К сожалению, многие из этих пророчеств Богданова оказались близкими к действительности. Известно, что на протяжении 20 – 30-х годов СССР был единственным социалистическим государством на земле, где хозяином положения был еще империализм. Советские люди были уверены, что смертельная схватка с империализмом и фашизмом не только неизбежна, но и близка. Это создавало и атмосферу приподнятости, и атмосферу тревоги.
В Советском Союзе 30-х годов существовала не только память о пережитой недавно Гражданской войне, но и многие пережитки этой войны. Из людей, враждебно настроенных к Советской власти, возникали небольшие и разрозненные контрреволюционные организации. Значительные размеры приняла и шпионско-диверсионная деятельность капиталистических разведок, особенно разведок фашистских государств. Шпионаж, направленный против СССР, не был мифом, хотя это нисколько не оправдывало ни искусственного разжигания страстей, ни шпиономании, ни массовых репрессий. Но простым людям было трудно разглядеть разницу между правильным и неправильным в деятельности НКВД, направляемой Сталиным. Поэтому версия о существовании в СССР разветвленного контрреволюционного подполья могла показаться многим советским людям правдоподобной. В комментариях к своим военным дневникам 1941 года К. М. Симонов писал: «Между процессом Димитрова и заключением пакта о ненападении с фашистской Германией у меня не было никаких сомнений, что война с фашистами непременно будет. Больше того, мыслями о неизбежности этой войны для меня определялось все то, что я делал в те годы как начинающий литератор. Именно этой неизбежностью объяснялись для меня и многие трудности нашей жизни, и та стремительная и напряженная индустриализация страны, свидетелями и участниками которой мы были. В этой же неизбежности войны мы искали объяснения репрессиям 1937 – 1939 годов. Во всяком случае, когда весной 1937 года я узнал о суде над Тухачевским, Якиром и другими нашими военачальниками, я, мальчиком в 20-е годы несколько раз видевший Тухачевского, хотя и содрогнулся, но поверил, что прочитанное мною – правда, что действительно существовал какой-то военный заговор и люди, участвовавшие в нем, – были связаны с Германией и хотели устроить у нас военный переворот.
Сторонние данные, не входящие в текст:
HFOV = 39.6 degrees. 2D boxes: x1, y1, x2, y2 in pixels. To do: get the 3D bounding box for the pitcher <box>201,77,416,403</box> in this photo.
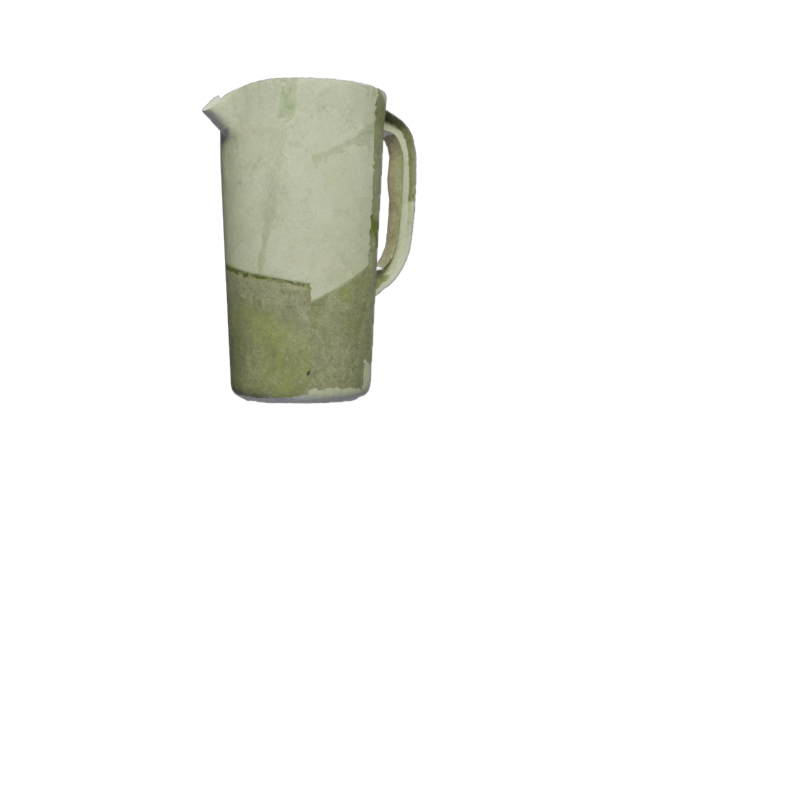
[{"bbox_3d":[-0.068,-0.123,0.865,0.151,0.245,0.142,0,-1,10],"label":"pitcher"}]

Других объяснений происшедшему у меня тогда не было» [569] .
Среди других советских людей, поверивших в существование в СССР фашистской «пятой колонны», а из молодежи таких было большинство, возникла именно такая психологическая атмосфера, которая нужна была Сталину и существенно облегчила проведение его террористической программы. Жестокость и подозрительность Сталина воспринимались в этой атмосфере как положительные качества. Таким образом, Сталин продолжал и в годы террора опираться на обманутые им массы, используя их порыв к лучшему будущему и любовь к Родине. Свое отступничество от идеалов социалистической революции Сталин всегда прикрывал архиреволюционными фразами, и это мешало трудящимся и молодежи разобраться в истинных мотивах его действий. Но эта же поддержка народа, без которой в нашей стране не мог бы продержаться даже такой тиран, как Сталин, не позволила ему выйти сколько-нибудь далеко за пределы социалистического общественного строя и полностью уничтожить основные социальные завоевания революции. Обманув советских людей, Сталин стрелял по ветеранам революции, выдавая их за врагов. Но он не мог открыто выступить против Ленина, против социализма. Сталин сильно замедлил, но не мог повернуть вспять колесо истории.